Dimensi sosial budaya merupakan dimensi pendukung yang dilakukan oleh masyarakat dan stakeholder yang menjaga dan melestarikan sumberdaya alam dan lingkungan untuk kepentingan masnuisa di masa yang akan datang. Dimensi ini menunjukkan bahwa tanpa campur tangan manusia yang memiliki kepedulian terhadap pengelolaan sumberdaya pesisir dan pulau-pulau kecil, maka akan terjadi degradasi oleh pihak-pihak yang tidak bertanggungjawab, untuk itu diperlukan pengetahuan tentang pengelolaan sumberdaya pesisir dan pulau-pulau kecil serta adat istiadat yang masih dipertahankan oleh masyarakat setempat.
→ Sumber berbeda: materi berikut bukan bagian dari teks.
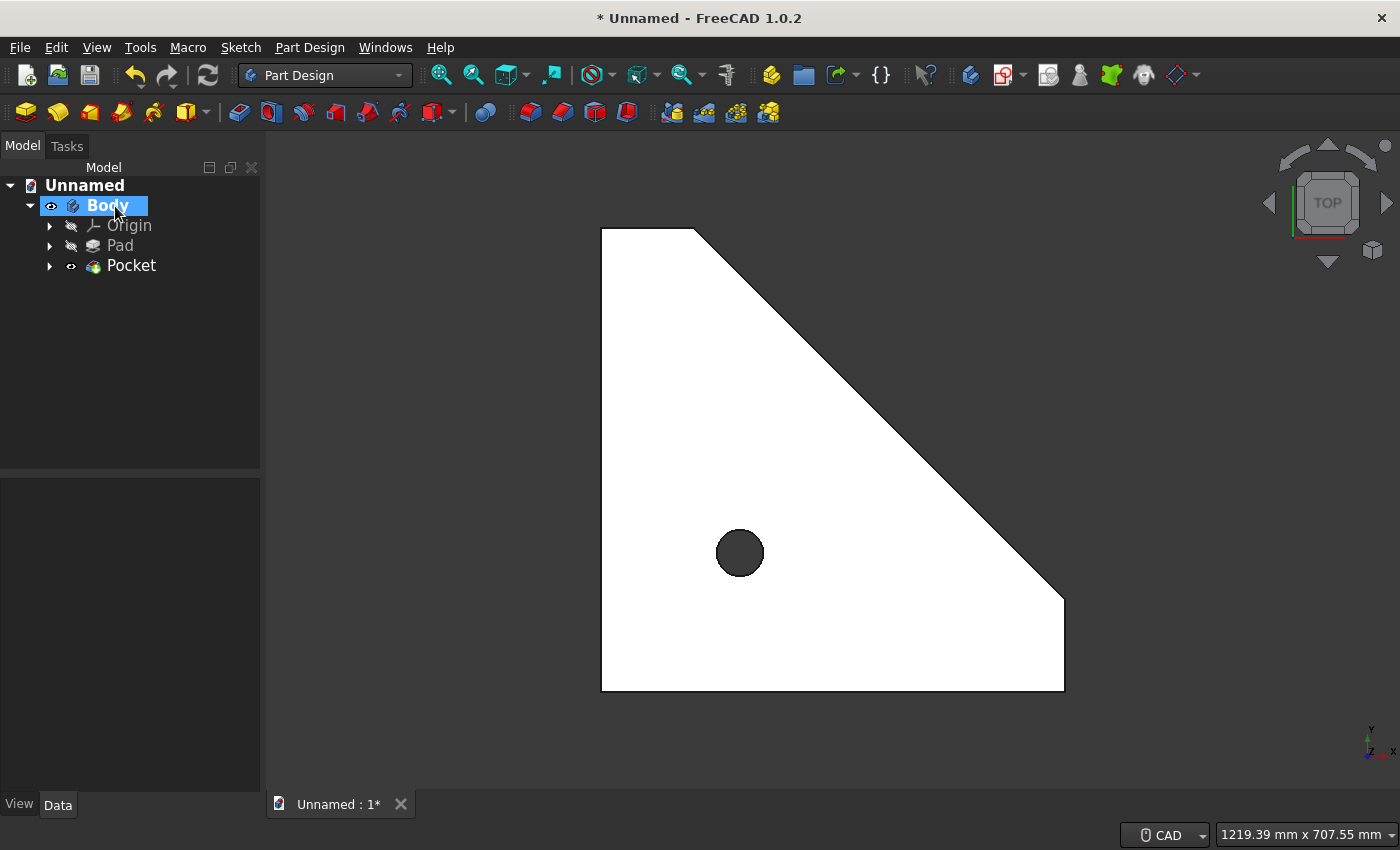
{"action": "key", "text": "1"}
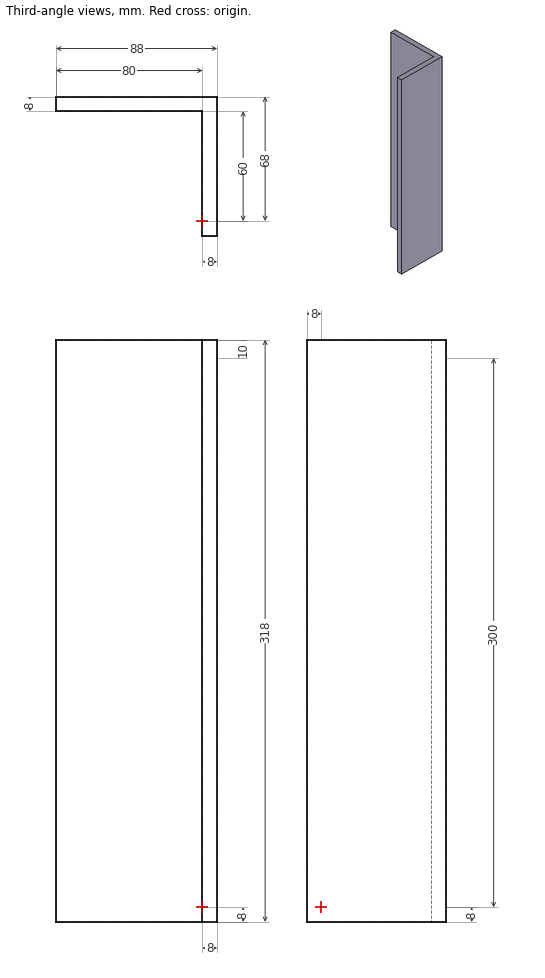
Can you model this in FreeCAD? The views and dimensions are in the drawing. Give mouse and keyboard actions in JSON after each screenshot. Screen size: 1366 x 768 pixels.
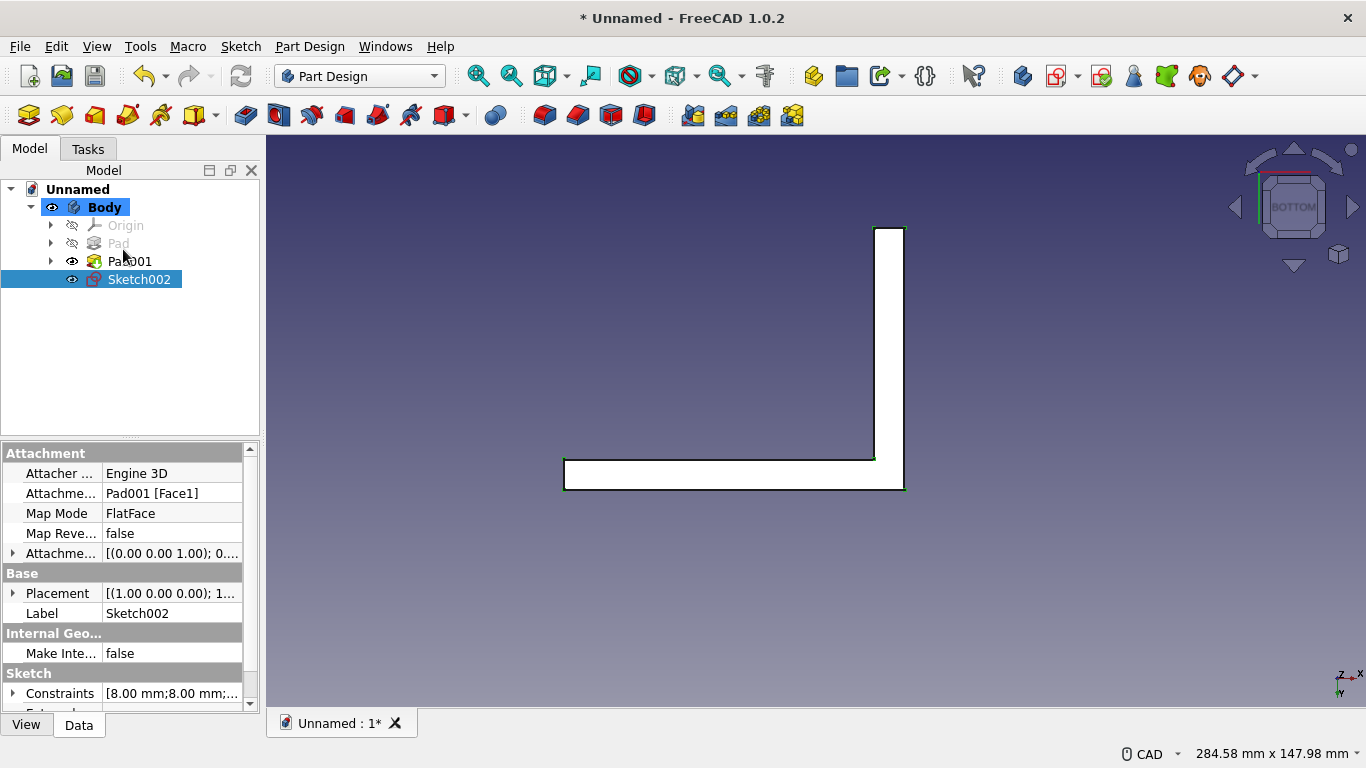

Atribut tempat rekreasi merupakan atribut yang paling sensitif terhadap nilai indeks keberlanjutan kawasan. Atribut yang sensitif ini merupakan faktor pengungkit dalam dimensi sosial budaya, sehingga apabila dilakukan perbaikan pada atribut ini akan mengungkit nilai indeks keberlanjutan dimensi sosial budaya secara keseluruhan.

Dimensi kelembagaan juga merupakan dimensi pendukung yang dapat mengikat masyarakat dan stakeholder dalam melakukan pengelolaan dan pelestarian sumberdaya alam dan lingkungan. Dengan adanya dimensi kelembagaan berarti masyarakat dan pemerintah dapat bekerjasama dalam melakukan pengelolaan dan pelestarian sumberdaya pesisir dan pulau-pulau kecil. atribut meningkatnya pendapatan masyarakat pesisir dan pulau-pulau kecil (tolok

ukur) merupakan atribut yang paling sensitif terhadap nilai indeks keberlanjutan kawasan. Atribut yang sensitif ini merupakan faktor pengungkit dalam dimensi kelembagaan, sehingga apabila dilakukan perbaikan pada atribut ini akan mengungkit nilai indeks keberlanjutan dimensi kelembagaan secara keseluruhan.

Status keberlanjutan akan mencapai optimal jika nilai status keberlanjutan dari dimensi ekologi, ekonomi, sosial budaya dan kelembagaan dilakukan perbaikan-perbaikan terhadap atribut-atribut yang sensitif berpengaruh terhadap dimensi tersebut. Dari ketiga dimensi (ekologi, ekonomi dan sosial budaya) yang cukup berkelanjutan ditingkatkan menjadi berkelanjutan, sedangkan untuk dimensi kelembagaan atribut-atribut lainnya harus ditingkatkan lagi untuk mencapai optimal, terutama pemerintah pusat sebagai pelaku utama.